● **TASK GOAL**: In the listing below, find the line holding "- car (677,478,792,557)" and the line holding "- person (550,482,563,495)". Write out those two lines and all lines between, exactly, and nothing more.

● **DATA FOR THIS EXERCISE**:
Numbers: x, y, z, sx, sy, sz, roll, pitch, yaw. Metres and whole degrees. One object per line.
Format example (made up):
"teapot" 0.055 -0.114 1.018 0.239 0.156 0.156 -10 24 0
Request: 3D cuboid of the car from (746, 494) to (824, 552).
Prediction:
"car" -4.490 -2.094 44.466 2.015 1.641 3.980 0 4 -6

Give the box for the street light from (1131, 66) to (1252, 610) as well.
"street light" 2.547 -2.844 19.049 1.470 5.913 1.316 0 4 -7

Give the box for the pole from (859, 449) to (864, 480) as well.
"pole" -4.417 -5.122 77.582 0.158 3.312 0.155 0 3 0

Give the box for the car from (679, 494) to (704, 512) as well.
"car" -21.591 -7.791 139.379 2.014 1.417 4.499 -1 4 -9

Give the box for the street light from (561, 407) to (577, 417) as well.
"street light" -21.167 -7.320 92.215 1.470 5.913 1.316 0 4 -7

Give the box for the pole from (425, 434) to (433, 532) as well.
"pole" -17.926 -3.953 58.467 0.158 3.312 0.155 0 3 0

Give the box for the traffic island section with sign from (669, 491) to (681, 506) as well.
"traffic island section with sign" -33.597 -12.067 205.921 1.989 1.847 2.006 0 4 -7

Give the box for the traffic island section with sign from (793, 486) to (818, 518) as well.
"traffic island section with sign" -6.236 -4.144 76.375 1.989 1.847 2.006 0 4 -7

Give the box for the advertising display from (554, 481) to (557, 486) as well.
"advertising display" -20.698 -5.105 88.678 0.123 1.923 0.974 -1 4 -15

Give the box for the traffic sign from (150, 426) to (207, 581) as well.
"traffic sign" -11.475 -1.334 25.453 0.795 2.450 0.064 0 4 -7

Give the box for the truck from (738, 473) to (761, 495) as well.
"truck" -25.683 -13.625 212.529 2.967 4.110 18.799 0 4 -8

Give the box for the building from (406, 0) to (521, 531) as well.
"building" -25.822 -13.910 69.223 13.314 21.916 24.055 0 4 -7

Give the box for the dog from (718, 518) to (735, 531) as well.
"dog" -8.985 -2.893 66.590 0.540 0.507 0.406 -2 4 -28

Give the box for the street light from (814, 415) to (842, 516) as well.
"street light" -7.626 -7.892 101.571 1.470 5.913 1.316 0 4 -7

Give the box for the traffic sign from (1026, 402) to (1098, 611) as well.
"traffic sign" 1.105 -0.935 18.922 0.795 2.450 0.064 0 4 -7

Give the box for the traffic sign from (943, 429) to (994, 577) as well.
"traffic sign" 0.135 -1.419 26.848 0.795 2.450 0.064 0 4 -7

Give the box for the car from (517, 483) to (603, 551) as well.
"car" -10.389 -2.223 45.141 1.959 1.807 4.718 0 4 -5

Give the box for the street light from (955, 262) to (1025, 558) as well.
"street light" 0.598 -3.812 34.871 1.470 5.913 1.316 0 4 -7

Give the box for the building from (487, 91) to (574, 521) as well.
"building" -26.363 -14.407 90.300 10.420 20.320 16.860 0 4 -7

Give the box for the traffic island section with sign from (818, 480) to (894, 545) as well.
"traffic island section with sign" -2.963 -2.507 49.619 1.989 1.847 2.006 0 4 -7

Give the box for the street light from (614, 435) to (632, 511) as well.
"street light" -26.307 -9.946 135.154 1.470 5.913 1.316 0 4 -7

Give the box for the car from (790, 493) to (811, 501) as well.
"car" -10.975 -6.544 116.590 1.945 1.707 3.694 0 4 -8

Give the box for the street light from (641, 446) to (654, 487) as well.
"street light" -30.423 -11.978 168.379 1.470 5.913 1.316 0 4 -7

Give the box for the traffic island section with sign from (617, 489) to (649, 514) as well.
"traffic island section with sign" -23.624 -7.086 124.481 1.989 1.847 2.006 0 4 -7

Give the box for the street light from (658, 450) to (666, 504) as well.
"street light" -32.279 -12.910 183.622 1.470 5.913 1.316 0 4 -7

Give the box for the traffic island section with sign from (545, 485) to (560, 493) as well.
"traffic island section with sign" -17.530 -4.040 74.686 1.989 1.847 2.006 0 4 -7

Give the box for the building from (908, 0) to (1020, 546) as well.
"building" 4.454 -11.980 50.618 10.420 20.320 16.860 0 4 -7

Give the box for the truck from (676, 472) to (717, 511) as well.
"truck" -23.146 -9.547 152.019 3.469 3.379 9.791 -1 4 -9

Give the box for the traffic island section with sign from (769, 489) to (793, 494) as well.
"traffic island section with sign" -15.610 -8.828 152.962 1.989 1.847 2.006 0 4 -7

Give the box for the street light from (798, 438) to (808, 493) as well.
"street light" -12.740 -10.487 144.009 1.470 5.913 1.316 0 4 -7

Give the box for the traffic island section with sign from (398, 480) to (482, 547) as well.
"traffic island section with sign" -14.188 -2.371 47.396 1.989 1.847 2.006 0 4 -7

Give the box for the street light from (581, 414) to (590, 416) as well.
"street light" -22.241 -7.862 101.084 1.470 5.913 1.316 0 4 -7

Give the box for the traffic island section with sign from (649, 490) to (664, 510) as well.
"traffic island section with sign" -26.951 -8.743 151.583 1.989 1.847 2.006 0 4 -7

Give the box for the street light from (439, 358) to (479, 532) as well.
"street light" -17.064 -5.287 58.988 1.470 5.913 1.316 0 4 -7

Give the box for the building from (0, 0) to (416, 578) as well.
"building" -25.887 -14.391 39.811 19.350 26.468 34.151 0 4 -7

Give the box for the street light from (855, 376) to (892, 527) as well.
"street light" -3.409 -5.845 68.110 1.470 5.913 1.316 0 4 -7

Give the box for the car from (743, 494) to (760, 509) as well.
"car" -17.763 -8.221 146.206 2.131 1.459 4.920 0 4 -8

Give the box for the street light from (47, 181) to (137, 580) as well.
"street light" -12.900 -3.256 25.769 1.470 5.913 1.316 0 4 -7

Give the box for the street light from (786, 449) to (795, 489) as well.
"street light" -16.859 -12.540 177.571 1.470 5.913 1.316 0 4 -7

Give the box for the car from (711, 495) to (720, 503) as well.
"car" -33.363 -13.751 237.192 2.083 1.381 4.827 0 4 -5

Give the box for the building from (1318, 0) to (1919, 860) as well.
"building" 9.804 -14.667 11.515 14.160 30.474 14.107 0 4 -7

--

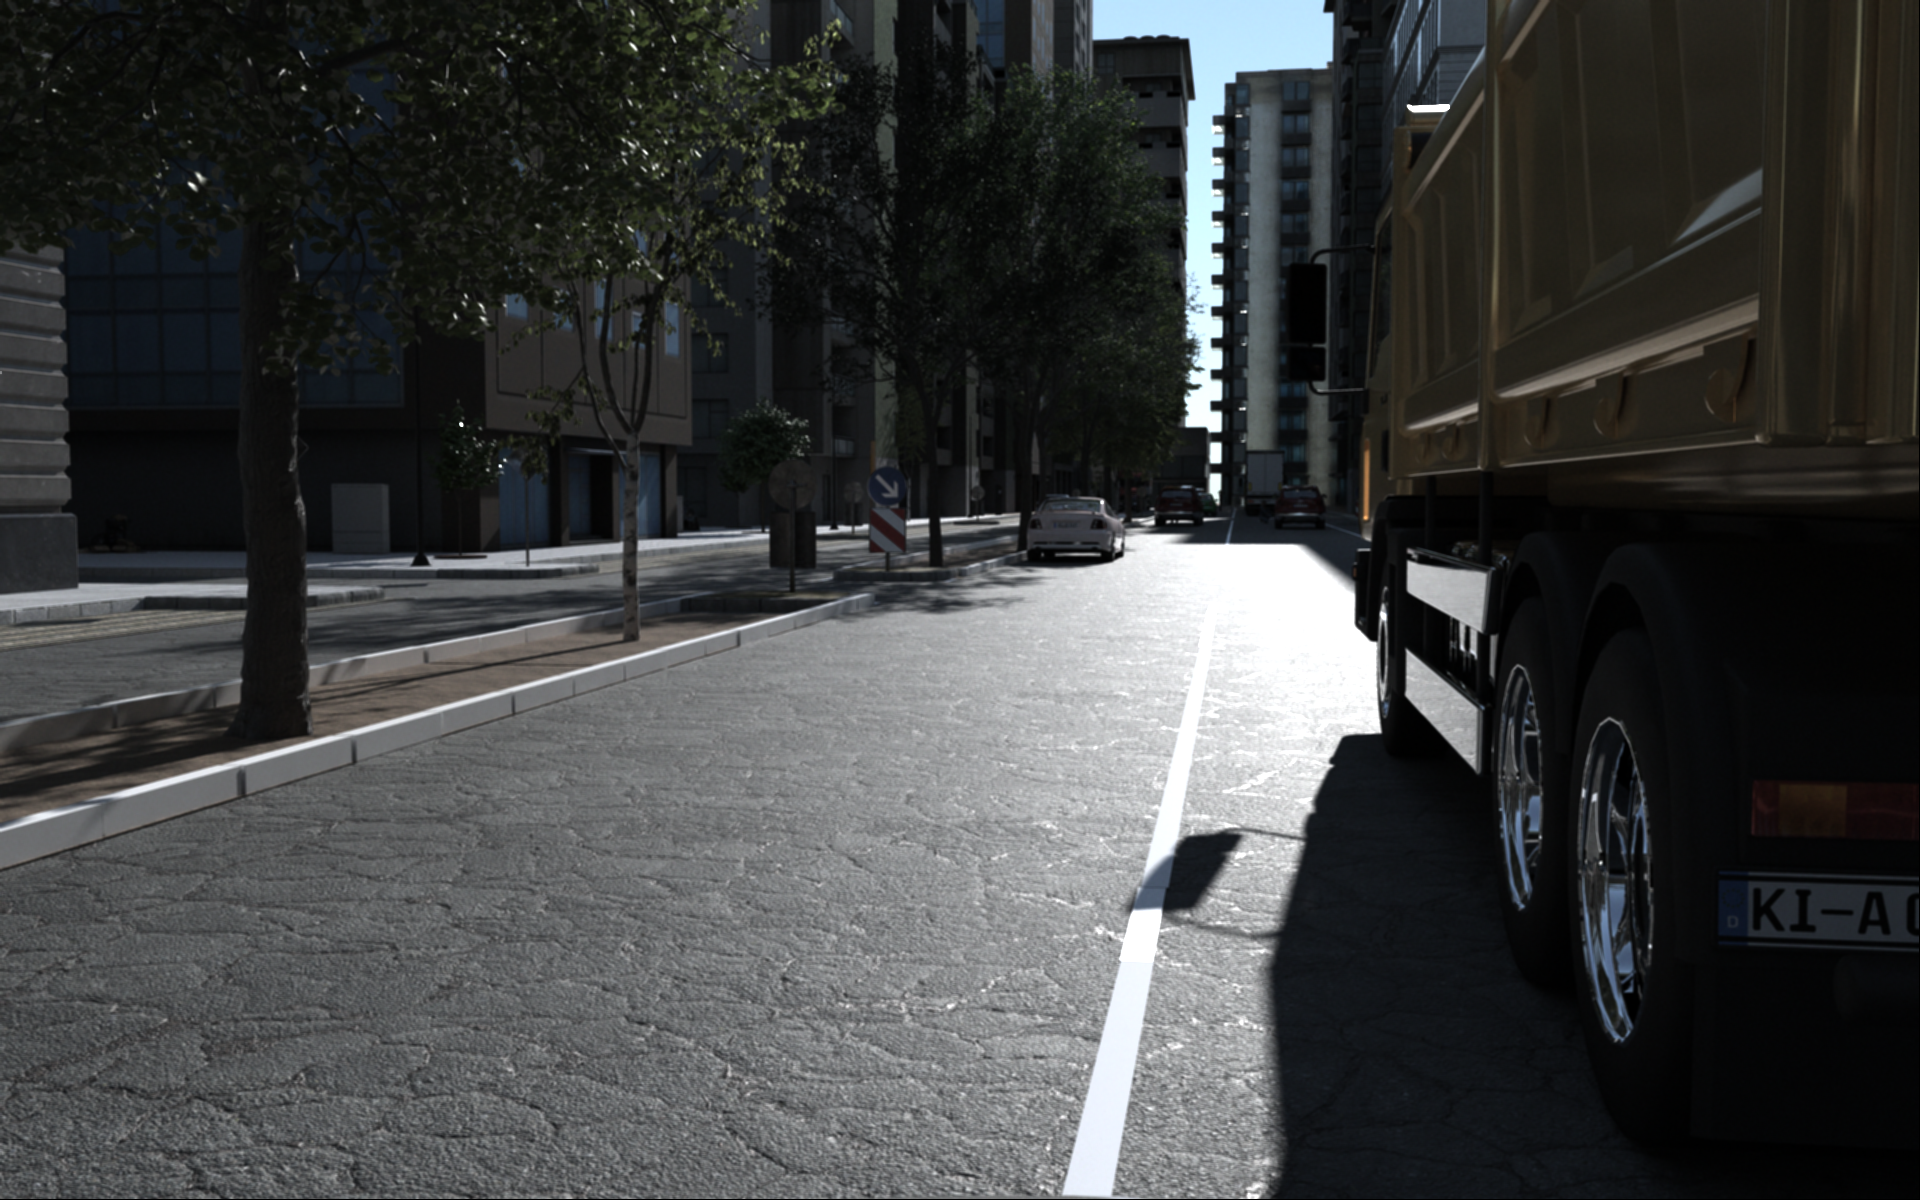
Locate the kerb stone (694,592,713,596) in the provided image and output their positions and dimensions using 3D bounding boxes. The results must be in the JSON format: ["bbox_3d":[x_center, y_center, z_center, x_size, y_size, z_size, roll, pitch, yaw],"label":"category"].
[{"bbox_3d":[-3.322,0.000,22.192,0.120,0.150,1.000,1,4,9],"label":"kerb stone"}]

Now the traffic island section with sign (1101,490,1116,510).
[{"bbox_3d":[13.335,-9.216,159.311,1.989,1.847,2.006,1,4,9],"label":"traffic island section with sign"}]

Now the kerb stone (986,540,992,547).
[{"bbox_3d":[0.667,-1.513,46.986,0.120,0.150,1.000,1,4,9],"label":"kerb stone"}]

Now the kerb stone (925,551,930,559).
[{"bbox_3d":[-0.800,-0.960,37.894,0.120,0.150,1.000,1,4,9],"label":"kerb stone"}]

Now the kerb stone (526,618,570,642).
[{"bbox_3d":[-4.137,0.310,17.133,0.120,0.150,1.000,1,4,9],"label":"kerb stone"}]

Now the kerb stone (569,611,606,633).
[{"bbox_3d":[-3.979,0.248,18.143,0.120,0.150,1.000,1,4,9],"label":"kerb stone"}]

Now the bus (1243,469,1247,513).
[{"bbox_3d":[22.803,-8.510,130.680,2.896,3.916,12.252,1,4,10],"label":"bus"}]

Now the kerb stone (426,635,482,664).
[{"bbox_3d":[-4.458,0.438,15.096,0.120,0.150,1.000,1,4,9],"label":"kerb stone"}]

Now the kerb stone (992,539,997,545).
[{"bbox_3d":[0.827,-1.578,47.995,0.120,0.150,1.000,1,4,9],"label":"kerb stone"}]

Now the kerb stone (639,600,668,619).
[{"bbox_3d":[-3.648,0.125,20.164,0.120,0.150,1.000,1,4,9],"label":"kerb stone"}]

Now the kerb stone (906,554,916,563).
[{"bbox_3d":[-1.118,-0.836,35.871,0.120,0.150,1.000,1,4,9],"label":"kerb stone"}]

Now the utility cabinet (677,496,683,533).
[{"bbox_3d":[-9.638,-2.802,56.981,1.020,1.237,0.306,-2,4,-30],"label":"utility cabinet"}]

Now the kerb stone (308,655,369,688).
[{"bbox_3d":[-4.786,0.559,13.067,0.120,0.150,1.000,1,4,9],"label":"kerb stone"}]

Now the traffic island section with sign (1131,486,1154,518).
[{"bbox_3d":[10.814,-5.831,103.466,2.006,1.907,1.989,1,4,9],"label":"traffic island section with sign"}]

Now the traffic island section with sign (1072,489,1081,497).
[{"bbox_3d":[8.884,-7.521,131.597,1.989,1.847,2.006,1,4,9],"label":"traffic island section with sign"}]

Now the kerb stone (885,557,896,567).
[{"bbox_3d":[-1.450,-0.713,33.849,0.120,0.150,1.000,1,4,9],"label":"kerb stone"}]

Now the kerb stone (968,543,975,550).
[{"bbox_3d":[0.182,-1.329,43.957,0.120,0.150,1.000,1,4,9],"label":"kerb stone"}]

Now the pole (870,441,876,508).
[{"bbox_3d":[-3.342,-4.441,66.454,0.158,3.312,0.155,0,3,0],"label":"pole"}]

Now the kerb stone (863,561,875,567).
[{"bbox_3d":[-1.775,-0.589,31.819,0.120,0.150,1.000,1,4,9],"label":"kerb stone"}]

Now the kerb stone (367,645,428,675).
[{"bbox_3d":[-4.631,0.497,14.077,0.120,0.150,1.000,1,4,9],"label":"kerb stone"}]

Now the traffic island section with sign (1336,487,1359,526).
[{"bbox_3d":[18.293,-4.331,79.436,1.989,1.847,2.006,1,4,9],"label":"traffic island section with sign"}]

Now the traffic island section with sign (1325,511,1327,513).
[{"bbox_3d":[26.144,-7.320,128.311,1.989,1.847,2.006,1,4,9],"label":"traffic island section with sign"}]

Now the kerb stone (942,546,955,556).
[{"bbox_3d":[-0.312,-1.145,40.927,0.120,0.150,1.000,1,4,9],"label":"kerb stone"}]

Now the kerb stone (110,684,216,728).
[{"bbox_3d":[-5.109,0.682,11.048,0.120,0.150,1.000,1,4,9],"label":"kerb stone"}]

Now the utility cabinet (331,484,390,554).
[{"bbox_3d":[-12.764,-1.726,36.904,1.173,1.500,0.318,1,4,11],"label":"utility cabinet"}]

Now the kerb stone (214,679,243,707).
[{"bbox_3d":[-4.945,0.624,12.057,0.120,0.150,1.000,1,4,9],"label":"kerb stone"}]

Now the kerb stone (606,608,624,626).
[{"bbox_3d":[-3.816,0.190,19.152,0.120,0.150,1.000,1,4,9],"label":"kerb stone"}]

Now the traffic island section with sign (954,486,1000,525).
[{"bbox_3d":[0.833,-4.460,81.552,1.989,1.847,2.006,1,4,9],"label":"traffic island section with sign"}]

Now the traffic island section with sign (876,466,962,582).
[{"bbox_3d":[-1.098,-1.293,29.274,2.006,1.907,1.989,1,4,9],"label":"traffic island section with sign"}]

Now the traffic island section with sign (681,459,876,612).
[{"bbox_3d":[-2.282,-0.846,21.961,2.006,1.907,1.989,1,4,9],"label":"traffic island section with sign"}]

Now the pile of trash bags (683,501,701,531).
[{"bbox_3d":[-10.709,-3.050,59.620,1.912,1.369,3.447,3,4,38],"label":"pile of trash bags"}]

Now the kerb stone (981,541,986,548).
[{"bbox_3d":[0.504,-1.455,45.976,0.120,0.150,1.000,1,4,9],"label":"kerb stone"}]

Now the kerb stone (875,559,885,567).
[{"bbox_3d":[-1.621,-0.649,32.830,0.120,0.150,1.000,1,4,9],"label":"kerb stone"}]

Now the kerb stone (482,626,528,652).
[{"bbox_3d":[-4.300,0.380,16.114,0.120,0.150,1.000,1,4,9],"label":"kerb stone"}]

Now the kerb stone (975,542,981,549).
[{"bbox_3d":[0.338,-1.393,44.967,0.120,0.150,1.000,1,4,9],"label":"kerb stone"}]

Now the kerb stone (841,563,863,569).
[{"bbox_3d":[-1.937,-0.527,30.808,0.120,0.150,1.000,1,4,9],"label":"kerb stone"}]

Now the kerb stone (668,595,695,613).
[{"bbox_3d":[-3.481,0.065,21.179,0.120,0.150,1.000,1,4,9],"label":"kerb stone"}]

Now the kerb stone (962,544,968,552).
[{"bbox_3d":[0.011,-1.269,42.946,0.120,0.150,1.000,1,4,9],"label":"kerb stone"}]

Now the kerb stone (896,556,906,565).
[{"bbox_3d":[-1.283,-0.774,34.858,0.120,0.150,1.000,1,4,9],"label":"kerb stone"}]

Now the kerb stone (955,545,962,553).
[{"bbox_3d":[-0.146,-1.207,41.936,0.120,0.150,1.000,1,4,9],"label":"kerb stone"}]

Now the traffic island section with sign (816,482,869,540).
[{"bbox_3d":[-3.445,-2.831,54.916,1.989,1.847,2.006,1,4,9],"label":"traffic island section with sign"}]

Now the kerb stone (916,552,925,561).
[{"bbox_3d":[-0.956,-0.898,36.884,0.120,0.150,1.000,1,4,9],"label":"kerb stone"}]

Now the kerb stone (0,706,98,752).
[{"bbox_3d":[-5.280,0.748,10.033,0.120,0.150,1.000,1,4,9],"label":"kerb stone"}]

--

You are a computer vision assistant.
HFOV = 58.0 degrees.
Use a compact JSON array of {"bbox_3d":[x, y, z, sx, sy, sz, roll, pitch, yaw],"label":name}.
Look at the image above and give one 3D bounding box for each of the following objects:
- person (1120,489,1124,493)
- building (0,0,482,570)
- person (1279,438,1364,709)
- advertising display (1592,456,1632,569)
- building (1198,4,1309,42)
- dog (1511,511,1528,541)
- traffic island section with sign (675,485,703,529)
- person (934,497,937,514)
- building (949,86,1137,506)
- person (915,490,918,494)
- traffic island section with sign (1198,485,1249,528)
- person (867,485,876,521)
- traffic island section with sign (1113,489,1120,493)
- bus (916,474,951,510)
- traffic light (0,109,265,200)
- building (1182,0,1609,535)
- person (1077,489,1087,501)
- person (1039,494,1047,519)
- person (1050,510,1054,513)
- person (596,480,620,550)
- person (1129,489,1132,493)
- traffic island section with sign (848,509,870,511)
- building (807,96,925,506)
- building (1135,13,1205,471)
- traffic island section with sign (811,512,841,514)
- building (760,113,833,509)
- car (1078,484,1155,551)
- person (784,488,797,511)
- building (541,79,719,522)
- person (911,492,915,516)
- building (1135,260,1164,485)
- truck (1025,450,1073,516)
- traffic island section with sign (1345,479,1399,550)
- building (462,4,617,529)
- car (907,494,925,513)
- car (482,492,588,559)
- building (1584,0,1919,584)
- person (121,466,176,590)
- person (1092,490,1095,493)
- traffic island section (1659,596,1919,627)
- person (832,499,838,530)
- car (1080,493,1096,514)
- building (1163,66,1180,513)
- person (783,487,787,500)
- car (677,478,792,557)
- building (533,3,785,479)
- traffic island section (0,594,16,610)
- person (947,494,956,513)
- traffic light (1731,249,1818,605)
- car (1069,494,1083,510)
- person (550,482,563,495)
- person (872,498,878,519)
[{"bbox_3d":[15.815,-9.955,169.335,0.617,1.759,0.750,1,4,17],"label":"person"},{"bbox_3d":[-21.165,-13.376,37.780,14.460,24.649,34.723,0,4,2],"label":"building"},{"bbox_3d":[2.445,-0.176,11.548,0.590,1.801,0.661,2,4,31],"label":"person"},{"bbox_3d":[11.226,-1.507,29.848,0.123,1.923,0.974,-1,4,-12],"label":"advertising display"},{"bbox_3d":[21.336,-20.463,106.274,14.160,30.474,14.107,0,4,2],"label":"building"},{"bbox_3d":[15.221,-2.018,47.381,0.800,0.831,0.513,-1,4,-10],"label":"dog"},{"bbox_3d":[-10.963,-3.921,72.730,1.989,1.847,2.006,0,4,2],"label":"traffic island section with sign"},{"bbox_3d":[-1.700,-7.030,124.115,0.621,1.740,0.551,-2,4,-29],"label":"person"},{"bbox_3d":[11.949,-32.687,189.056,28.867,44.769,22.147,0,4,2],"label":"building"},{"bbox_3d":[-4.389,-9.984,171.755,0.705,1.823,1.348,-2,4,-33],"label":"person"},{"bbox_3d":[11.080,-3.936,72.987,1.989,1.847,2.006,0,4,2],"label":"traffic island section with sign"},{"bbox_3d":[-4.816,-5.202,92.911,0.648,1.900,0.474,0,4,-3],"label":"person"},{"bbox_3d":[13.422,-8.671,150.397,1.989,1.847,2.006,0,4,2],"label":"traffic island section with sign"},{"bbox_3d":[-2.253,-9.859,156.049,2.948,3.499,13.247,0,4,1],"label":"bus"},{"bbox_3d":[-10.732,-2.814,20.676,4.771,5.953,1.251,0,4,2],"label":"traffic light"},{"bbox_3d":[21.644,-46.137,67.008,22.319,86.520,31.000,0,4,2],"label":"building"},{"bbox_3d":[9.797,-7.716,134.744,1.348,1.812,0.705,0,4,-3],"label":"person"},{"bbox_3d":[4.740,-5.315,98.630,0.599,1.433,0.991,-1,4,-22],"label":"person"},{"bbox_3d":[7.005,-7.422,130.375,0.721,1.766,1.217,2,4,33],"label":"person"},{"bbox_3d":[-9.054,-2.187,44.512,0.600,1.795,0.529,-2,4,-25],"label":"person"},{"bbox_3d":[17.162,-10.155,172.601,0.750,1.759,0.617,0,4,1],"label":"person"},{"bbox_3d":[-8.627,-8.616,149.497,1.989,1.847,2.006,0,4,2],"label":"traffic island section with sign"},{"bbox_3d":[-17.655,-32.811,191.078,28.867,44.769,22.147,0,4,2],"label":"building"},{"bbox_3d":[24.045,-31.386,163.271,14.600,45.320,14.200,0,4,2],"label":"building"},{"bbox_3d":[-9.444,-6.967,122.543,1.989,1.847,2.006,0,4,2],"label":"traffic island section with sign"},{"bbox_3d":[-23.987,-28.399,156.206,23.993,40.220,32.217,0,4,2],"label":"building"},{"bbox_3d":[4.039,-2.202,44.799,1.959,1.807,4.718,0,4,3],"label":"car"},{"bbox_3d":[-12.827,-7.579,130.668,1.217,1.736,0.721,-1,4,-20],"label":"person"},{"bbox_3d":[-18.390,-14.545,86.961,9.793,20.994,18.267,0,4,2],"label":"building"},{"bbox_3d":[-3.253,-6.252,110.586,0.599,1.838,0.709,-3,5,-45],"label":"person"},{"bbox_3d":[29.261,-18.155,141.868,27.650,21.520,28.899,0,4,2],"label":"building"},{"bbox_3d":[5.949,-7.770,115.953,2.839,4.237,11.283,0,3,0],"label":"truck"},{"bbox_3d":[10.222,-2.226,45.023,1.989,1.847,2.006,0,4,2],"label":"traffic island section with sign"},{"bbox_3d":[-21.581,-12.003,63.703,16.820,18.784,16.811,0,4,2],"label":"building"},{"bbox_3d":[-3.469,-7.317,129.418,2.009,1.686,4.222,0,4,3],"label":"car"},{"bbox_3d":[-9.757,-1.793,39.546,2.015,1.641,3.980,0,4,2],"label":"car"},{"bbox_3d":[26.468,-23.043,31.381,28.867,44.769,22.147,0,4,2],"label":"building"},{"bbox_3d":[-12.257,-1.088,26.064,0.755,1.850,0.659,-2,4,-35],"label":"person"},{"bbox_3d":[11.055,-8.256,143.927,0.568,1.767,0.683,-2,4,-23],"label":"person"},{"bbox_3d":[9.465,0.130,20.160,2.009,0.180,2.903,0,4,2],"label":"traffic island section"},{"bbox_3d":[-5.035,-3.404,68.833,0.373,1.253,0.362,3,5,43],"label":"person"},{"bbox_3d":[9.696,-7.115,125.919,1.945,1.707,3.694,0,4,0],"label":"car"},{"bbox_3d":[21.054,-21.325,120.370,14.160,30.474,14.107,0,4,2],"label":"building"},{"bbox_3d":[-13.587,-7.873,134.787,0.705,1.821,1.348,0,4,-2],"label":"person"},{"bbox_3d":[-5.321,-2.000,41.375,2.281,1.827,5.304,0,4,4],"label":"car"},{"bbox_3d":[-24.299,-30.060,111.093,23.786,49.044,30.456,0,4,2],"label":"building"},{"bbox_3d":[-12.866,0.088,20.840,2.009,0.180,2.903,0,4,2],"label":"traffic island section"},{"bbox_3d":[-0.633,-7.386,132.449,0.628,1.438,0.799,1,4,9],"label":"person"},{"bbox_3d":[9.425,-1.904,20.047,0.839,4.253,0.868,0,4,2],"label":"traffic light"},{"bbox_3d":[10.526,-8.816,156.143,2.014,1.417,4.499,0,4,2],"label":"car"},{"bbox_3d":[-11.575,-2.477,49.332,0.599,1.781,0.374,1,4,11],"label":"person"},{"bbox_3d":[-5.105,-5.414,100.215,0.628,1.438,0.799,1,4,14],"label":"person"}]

● **RESULT FOR THIS EXERCISE**:
- car (677,478,792,557)
- building (533,3,785,479)
- traffic island section (0,594,16,610)
- person (947,494,956,513)
- traffic light (1731,249,1818,605)
- car (1069,494,1083,510)
- person (550,482,563,495)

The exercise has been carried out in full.